# Problem:
No pictures should appear in the copy. Reproduce exactly the lines from the one containing "Convert code to" through the end of the material below.

# Records supplied:
++++++++++

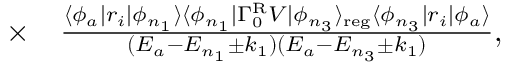<formula> <loc_0><loc_0><loc_500><loc_500>\begin{array} { r l } { \times } & \frac { \langle \phi _ { a } | r _ { i } | \phi _ { n _ { 1 } } \rangle \langle \phi _ { n _ { 1 } } | \Gamma _ { 0 } ^ { R } V | \phi _ { n _ { 3 } } \rangle _ { r e g } \langle \phi _ { n _ { 3 } } | r _ { i } | \phi _ { a } \rangle } { ( E _ { a } - E _ { n _ { 1 } } \pm k _ { 1 } ) ( E _ { a } - E _ { n _ { 3 } } \pm k _ { 1 } ) } , } \end{array}</formula> 
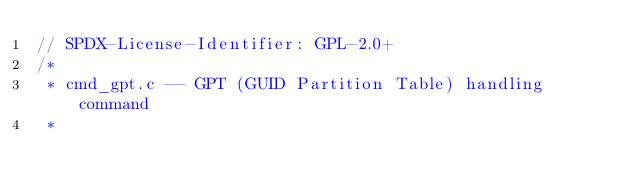Convert code to text. <code><loc_0><loc_0><loc_500><loc_500><_C_>// SPDX-License-Identifier: GPL-2.0+
/*
 * cmd_gpt.c -- GPT (GUID Partition Table) handling command
 *</code> 
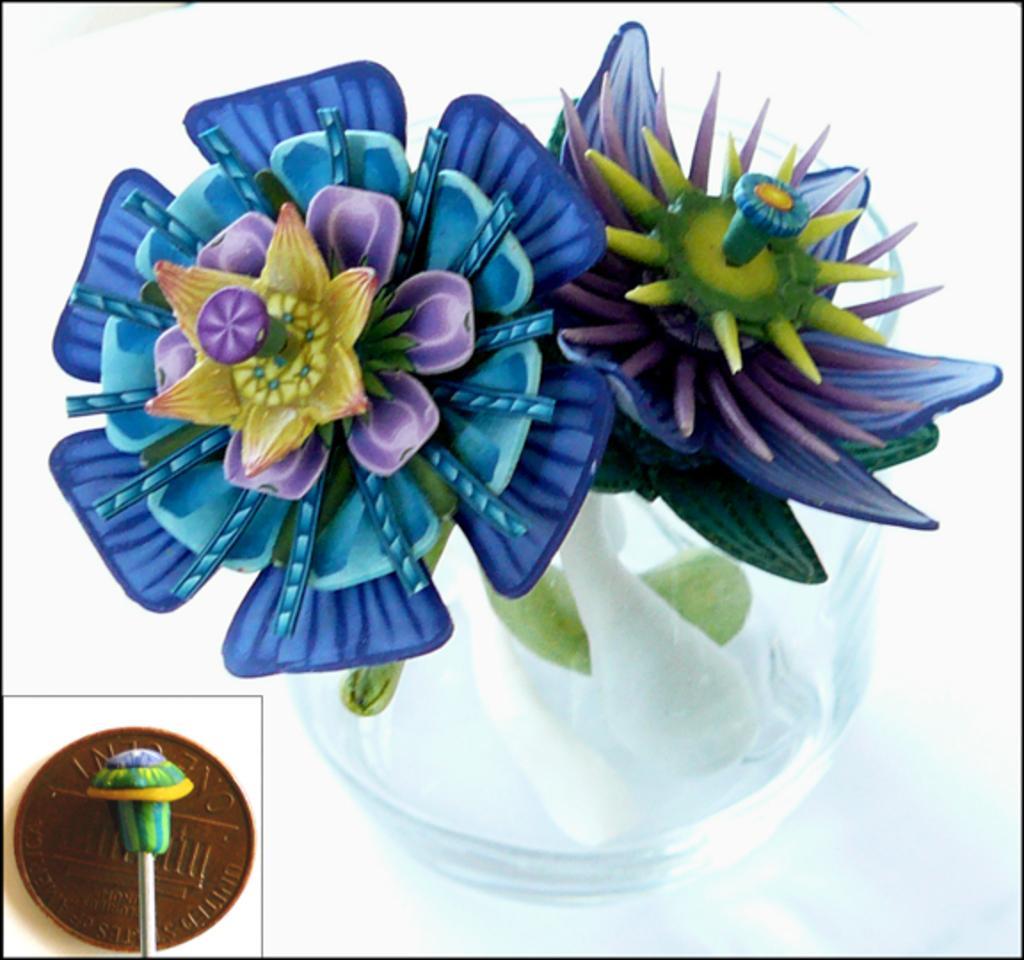Describe this image in one or two sentences. In this image there is an artificial flower in the pot and there are objects.

++++++++++

# Result of the task:
Convert code to text. <code><loc_0><loc_0><loc_500><loc_500><_C_>// SPDX-License-Identifier: GPL-2.0+
/*
 * cmd_gpt.c -- GPT (GUID Partition Table) handling command
 *</code> 
Describe this image in one or two sentences. In this image there is an artificial flower in the pot and there are objects.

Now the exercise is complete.